Dataset →
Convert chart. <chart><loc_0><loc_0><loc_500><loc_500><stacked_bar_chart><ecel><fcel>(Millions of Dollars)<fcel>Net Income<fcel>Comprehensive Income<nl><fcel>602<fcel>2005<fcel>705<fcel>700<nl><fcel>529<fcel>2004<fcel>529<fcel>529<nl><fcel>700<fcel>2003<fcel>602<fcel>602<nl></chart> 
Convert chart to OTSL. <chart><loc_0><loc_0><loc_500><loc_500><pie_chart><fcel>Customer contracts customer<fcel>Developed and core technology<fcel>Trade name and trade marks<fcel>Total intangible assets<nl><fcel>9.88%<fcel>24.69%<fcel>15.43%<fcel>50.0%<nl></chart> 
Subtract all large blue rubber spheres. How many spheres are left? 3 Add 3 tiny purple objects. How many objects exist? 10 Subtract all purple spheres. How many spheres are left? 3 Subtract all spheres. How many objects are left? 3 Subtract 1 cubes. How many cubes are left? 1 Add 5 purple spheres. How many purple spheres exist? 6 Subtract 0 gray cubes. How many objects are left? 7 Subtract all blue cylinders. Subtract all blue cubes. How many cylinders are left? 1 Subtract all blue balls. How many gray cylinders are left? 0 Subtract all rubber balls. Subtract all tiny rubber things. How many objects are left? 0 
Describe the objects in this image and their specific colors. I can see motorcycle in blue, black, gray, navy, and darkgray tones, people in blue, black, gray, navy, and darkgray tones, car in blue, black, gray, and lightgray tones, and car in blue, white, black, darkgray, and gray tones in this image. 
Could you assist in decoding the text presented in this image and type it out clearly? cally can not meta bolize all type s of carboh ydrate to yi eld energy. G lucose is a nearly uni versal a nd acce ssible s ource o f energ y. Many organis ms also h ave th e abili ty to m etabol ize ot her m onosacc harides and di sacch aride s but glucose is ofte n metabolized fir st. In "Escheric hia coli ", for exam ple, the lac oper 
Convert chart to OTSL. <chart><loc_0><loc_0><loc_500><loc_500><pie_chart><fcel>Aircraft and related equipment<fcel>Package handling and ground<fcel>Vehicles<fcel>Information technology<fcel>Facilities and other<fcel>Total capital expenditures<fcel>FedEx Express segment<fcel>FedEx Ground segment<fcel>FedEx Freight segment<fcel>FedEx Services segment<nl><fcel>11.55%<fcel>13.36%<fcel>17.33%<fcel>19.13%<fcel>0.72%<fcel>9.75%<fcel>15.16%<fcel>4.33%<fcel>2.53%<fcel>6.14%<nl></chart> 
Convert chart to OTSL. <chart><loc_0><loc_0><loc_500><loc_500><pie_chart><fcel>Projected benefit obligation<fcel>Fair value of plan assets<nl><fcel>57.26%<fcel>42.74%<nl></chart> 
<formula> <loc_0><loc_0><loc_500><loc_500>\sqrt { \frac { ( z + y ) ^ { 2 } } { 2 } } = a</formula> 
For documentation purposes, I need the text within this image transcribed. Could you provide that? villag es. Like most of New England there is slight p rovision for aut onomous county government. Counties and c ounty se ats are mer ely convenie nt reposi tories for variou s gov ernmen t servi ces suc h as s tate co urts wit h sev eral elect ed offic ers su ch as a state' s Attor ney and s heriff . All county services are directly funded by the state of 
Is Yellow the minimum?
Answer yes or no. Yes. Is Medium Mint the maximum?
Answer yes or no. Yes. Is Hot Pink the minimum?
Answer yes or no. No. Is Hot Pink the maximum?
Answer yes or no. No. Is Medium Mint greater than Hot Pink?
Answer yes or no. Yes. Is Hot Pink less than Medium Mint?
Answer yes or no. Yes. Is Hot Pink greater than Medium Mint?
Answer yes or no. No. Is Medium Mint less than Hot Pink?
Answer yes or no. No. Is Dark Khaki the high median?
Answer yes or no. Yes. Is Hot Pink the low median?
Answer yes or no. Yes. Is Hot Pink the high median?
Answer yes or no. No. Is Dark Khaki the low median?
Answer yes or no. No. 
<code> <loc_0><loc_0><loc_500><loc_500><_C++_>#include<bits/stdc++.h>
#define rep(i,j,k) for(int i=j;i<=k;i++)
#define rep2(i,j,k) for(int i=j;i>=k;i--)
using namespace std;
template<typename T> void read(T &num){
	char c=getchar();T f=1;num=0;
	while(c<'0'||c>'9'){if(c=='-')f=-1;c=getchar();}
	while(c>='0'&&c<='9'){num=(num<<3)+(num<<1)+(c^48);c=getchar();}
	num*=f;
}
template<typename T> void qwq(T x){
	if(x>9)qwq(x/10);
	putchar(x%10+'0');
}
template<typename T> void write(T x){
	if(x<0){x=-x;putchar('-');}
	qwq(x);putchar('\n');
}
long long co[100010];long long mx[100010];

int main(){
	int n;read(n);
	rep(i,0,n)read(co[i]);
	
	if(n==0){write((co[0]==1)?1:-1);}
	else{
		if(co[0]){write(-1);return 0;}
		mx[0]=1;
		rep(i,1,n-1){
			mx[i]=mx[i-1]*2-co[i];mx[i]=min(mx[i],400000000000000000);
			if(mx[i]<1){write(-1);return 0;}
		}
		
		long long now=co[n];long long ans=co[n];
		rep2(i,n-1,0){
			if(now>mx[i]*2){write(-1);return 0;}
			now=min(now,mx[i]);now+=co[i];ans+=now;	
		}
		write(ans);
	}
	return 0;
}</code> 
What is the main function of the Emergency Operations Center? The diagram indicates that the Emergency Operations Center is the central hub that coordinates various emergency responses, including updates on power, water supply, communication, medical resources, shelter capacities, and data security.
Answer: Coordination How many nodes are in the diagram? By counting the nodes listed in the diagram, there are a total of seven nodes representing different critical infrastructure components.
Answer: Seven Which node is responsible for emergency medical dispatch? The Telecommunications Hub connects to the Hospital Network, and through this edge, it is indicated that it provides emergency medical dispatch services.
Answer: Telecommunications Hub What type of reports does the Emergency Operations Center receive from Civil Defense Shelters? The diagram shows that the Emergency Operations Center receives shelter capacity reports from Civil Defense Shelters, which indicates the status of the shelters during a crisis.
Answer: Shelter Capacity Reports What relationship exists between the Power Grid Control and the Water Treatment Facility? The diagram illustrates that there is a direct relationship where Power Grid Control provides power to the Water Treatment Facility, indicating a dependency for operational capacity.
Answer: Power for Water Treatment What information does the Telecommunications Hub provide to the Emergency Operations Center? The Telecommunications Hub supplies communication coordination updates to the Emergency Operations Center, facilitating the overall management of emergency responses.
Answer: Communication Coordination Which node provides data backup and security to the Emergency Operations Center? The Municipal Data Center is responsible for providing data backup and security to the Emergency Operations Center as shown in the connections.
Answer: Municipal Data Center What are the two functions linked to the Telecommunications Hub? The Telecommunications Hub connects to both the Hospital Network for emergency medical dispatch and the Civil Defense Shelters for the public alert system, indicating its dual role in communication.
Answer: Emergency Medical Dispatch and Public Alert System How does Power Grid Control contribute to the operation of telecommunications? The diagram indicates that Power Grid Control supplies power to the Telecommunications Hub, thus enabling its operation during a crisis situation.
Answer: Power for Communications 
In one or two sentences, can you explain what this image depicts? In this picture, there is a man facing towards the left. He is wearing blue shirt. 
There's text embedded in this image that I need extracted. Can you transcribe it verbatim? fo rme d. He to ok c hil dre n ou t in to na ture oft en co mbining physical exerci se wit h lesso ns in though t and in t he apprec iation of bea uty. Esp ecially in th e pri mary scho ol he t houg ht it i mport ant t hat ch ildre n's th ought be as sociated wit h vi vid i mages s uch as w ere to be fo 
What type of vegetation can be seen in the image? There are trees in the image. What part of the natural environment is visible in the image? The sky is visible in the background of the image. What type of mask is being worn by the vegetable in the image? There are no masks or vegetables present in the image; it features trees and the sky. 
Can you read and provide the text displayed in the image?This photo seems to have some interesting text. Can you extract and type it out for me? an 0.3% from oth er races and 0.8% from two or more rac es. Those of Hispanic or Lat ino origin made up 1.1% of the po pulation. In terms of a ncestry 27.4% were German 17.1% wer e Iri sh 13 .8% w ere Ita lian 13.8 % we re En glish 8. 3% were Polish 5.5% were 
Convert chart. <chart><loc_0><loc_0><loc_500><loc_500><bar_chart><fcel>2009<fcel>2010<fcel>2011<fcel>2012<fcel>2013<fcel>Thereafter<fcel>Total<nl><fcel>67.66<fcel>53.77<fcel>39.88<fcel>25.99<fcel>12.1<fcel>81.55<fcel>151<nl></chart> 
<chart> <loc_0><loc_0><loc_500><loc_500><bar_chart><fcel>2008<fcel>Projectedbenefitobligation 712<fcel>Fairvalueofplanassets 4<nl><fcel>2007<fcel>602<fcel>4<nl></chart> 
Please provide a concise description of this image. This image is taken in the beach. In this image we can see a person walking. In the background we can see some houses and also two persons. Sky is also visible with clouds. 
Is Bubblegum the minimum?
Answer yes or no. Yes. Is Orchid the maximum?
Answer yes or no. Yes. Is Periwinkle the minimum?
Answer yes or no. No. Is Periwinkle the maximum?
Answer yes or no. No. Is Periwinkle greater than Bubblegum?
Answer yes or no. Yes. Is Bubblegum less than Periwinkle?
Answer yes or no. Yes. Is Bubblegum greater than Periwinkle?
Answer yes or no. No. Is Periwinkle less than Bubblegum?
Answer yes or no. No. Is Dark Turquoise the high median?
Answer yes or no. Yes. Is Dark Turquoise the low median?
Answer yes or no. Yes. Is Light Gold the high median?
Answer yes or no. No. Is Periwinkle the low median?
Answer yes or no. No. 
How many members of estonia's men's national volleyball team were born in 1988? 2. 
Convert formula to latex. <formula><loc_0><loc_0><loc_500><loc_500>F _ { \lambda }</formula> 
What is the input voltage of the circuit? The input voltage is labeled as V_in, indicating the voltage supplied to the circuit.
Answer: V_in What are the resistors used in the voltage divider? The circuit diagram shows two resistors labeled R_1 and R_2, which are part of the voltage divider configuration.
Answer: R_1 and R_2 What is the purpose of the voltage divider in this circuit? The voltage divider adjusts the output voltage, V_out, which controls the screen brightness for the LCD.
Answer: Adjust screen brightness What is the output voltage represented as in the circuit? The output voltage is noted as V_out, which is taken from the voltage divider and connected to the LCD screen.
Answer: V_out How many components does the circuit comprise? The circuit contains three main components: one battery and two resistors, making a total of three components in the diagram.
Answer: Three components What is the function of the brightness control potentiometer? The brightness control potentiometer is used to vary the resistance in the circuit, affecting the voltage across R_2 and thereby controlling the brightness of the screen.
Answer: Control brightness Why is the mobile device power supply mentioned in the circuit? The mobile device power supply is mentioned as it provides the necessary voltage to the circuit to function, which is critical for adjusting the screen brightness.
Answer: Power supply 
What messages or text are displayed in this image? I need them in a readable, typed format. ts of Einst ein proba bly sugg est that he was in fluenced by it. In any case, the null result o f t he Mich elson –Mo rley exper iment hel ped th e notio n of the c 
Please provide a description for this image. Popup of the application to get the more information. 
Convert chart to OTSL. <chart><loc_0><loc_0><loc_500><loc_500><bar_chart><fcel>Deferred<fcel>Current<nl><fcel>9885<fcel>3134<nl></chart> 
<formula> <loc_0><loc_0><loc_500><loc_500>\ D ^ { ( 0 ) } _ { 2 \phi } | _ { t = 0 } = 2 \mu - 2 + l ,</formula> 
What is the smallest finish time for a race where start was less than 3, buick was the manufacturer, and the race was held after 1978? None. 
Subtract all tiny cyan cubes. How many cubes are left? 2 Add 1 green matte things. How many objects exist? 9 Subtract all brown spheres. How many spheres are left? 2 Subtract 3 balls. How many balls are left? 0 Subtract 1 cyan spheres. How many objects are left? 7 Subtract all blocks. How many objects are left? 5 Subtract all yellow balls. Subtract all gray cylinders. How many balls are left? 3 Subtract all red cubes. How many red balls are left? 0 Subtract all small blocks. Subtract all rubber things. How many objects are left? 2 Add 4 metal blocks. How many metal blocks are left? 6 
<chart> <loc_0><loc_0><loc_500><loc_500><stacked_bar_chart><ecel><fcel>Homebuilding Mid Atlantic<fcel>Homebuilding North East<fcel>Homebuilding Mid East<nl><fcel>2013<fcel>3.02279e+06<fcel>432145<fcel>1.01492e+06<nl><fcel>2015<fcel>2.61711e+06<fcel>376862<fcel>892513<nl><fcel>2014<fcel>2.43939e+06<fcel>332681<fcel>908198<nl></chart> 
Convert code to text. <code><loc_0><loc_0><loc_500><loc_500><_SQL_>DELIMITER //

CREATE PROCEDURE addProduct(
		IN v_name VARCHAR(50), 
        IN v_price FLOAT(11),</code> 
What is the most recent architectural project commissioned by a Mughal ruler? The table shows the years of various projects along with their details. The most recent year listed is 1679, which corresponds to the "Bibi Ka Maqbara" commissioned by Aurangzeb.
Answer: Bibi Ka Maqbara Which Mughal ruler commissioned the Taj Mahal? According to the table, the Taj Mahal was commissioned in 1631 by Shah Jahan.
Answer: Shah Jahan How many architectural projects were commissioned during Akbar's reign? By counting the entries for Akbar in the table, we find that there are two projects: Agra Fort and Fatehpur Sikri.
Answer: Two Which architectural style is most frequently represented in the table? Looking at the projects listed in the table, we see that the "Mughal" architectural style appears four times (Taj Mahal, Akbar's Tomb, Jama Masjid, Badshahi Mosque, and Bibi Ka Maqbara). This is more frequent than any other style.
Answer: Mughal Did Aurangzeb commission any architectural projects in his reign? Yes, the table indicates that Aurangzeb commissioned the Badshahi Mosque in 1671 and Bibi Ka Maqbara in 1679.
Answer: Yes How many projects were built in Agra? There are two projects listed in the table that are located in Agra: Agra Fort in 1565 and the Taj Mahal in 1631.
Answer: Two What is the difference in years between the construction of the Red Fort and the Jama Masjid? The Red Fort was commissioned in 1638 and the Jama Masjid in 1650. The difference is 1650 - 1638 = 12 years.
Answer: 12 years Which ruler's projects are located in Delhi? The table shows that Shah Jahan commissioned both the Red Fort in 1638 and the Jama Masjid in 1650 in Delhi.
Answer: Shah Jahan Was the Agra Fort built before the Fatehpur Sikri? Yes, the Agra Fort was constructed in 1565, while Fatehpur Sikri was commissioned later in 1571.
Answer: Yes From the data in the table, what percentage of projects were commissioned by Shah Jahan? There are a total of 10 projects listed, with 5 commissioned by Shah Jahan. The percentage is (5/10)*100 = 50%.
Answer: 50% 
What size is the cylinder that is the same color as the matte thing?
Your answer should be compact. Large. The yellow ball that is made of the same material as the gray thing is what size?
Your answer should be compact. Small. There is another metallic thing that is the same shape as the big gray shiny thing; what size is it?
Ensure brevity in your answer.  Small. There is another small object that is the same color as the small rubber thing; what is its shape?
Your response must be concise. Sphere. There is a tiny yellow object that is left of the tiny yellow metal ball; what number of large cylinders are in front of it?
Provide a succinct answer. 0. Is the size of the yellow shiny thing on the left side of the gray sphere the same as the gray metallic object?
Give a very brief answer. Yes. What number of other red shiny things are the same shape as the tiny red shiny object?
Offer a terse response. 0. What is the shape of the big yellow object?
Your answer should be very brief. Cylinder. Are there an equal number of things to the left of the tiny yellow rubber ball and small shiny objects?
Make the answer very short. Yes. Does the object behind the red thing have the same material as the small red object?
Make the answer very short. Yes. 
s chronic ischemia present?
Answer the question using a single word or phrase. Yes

The problem →
Give back, exactly as written, the stretch from the line with "Answer: Shah Jahan Was" through the line with "Offer a terse", and no other lines from the records above.

Problem solution →
Answer: Shah Jahan Was the Agra Fort built before the Fatehpur Sikri? Yes, the Agra Fort was constructed in 1565, while Fatehpur Sikri was commissioned later in 1571.
Answer: Yes From the data in the table, what percentage of projects were commissioned by Shah Jahan? There are a total of 10 projects listed, with 5 commissioned by Shah Jahan. The percentage is (5/10)*100 = 50%.
Answer: 50% 
What size is the cylinder that is the same color as the matte thing?
Your answer should be compact. Large. The yellow ball that is made of the same material as the gray thing is what size?
Your answer should be compact. Small. There is another metallic thing that is the same shape as the big gray shiny thing; what size is it?
Ensure brevity in your answer.  Small. There is another small object that is the same color as the small rubber thing; what is its shape?
Your response must be concise. Sphere. There is a tiny yellow object that is left of the tiny yellow metal ball; what number of large cylinders are in front of it?
Provide a succinct answer. 0. Is the size of the yellow shiny thing on the left side of the gray sphere the same as the gray metallic object?
Give a very brief answer. Yes. What number of other red shiny things are the same shape as the tiny red shiny object?
Offer a terse response. 0. What is the shape of the big yellow object?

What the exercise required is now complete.